The Sandia researchers are partnering with Will Giannobile, an associate professor at the University of Michigan School of Dentistry who is an expert in gum disease. The team also includes Harold Craighead, a professor at Cornell University’s School of Applied and Engineering Physics, and Mark Burns and Charlie Hasselbrink, professors at the University of Michigan’s School of Engineering.

Much of the research is centered on detection of gum disease from a patient’s saliva and gingival crevicular fluid, the fluid between the tooth and gum. Early detection of gum disease is of significant interest to the medical community. Some 20-45 million Americans suffer from gum disease and more than $2 billion a year is spent to diagnose and treat the disease.

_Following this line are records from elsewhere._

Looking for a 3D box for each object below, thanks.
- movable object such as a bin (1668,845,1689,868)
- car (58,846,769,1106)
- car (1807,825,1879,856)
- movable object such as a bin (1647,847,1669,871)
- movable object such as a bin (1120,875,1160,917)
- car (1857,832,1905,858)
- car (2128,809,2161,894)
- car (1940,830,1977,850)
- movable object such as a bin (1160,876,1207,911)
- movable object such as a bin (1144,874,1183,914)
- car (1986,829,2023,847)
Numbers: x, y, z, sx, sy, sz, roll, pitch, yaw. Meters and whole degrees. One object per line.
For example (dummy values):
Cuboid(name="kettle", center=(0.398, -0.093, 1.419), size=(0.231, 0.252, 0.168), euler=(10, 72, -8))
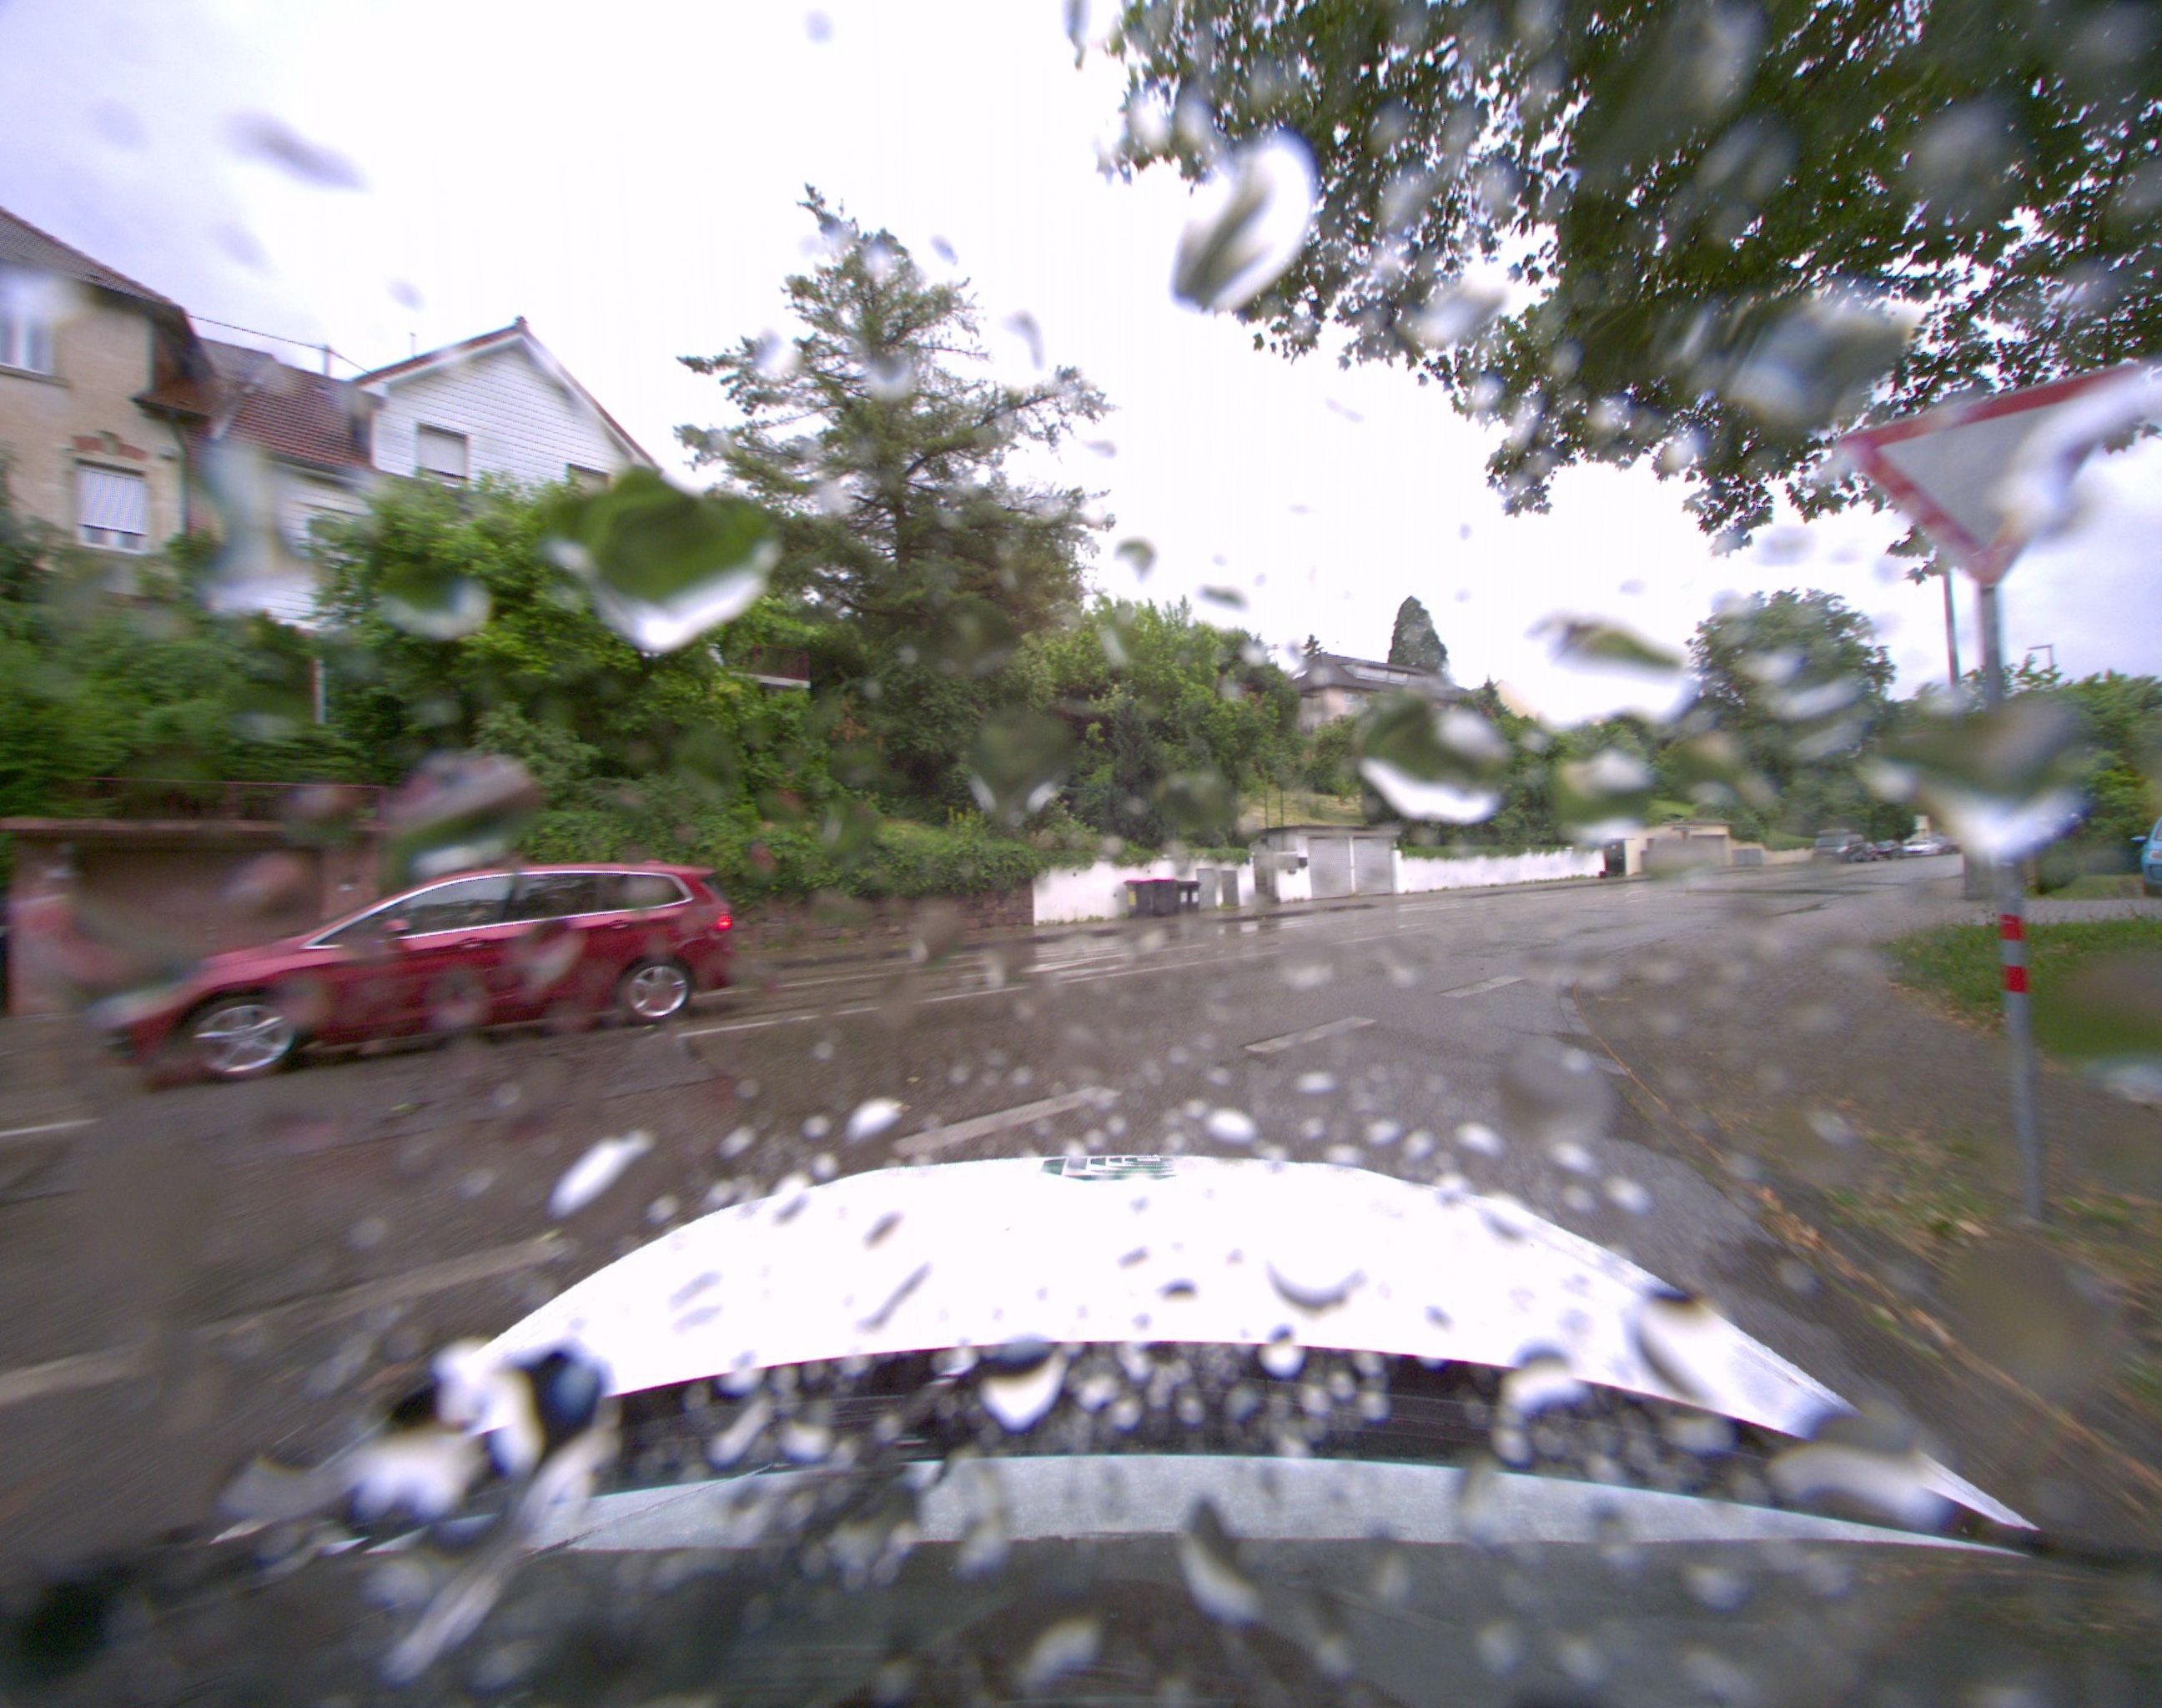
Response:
Cuboid(name="movable object such as a bin", center=(36.668, 0.142, 49.970), size=(0.836, 1.336, 0.706), euler=(-3, -1, -30))
Cuboid(name="car", center=(-5.572, 0.845, 7.586), size=(4.606, 1.601, 1.754), euler=(-3, -1, -38))
Cuboid(name="car", center=(51.507, -0.928, 55.030), size=(5.200, 1.753, 2.279), euler=(-3, -1, -33))
Cuboid(name="movable object such as a bin", center=(34.665, 0.293, 48.915), size=(0.836, 1.336, 0.706), euler=(-3, -1, -30))
Cuboid(name="movable object such as a bin", center=(1.586, 1.124, 21.947), size=(0.757, 1.060, 0.681), euler=(-2, -2, -39))
Cuboid(name="car", center=(59.867, -0.679, 60.946), size=(4.018, 1.682, 1.804), euler=(-3, -1, -36))
Cuboid(name="car", center=(20.508, -0.133, 14.771), size=(3.564, 1.447, 1.633), euler=(-3, -1, -35))
Cuboid(name="car", center=(78.036, -1.255, 72.396), size=(3.833, 1.551, 1.718), euler=(-3, -1, -36))
Cuboid(name="movable object such as a bin", center=(2.919, 1.136, 23.172), size=(0.959, 0.916, 0.842), euler=(-2, -2, -40))
Cuboid(name="movable object such as a bin", center=(2.265, 1.097, 22.387), size=(0.798, 1.060, 0.629), euler=(-2, -2, -39))
Cuboid(name="car", center=(93.199, -1.613, 82.153), size=(3.829, 1.551, 1.702), euler=(-3, -1, -31))

“It is postulated that saliva is a mirror of blood,” Singh says. “Everything in saliva exists in blood but at concentrations 100 to 1,000 times lower than blood.”
Saliva is already being used for detecting HIV and drugs-of-abuse in commercial instruments. Saliva makes sense as a patient sample; obtaining saliva is a noninvasive process that requires no needles and is much more tolerable than traditional blood taking. Singh anticipates that in the future, saliva will be used to detect everything from gum disease to heart disease to cancer.

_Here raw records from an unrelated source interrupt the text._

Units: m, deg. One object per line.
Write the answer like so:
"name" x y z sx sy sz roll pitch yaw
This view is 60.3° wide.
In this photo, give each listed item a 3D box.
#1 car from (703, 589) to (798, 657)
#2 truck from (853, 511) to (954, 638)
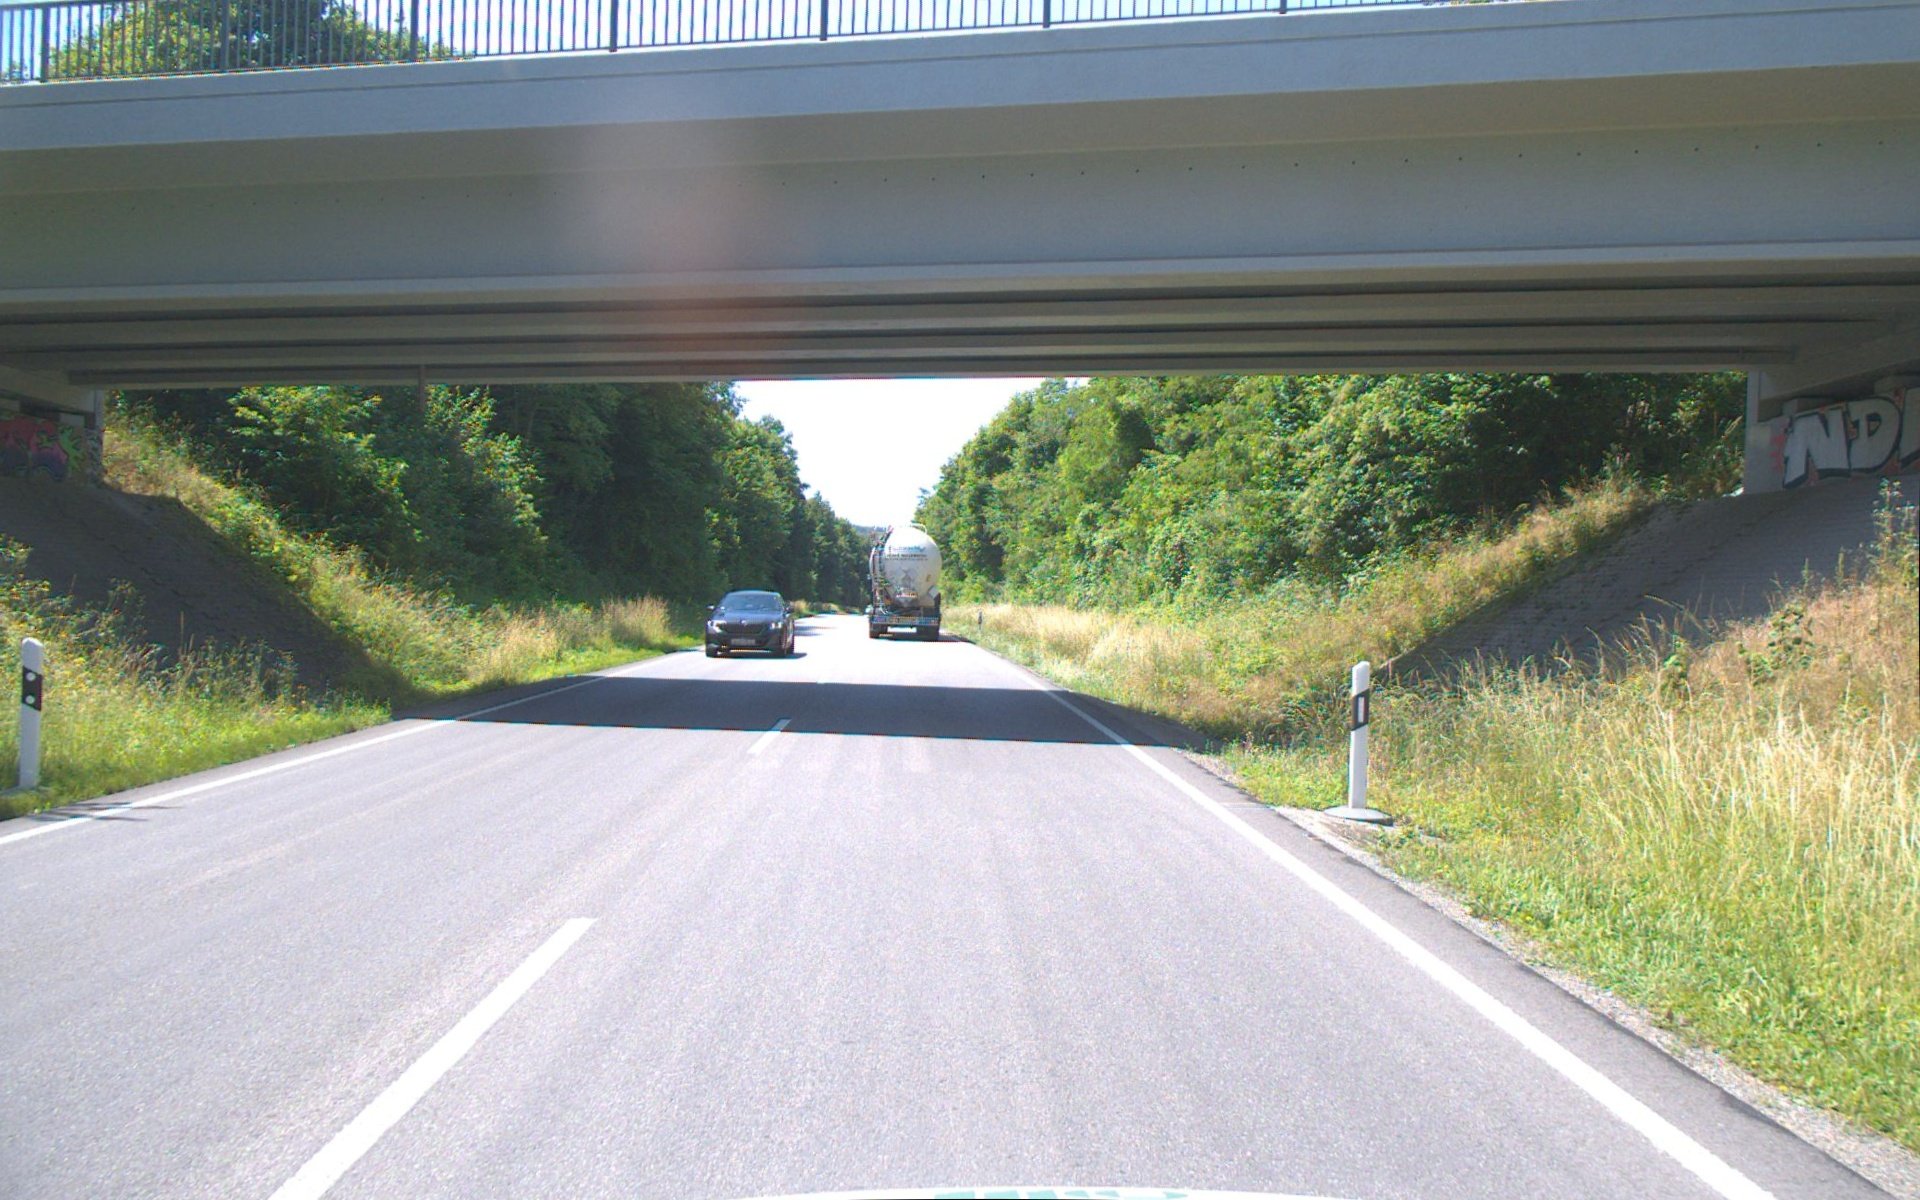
"car" -4.949 0.512 39.608 1.821 1.532 4.585 1 0 -2
"truck" -2.382 -0.761 63.206 2.990 4.068 15.621 4 -1 -4

In addition to biomarkers for gum disease, Sandia researchers are also developing assays for cardiovascular disease markers such as C-Reactive protein. Singh says that although the primary goal is to analyze saliva, “we have shown that our device can work with blood as well.” Having the ability to analyze multiple bodily fluids makes the device useful for a wide variety of clinical applications.

Having already studied saliva samples from healthy people, the Sandia researchers will begin studying samples from 50 to 100 diseased patients in January. The patients are being recruited by Giannobile at the University of Michigan.
“Working with samples from actual patients will give us the opportunity to see how accurate our immunoassay method works,” Singh says.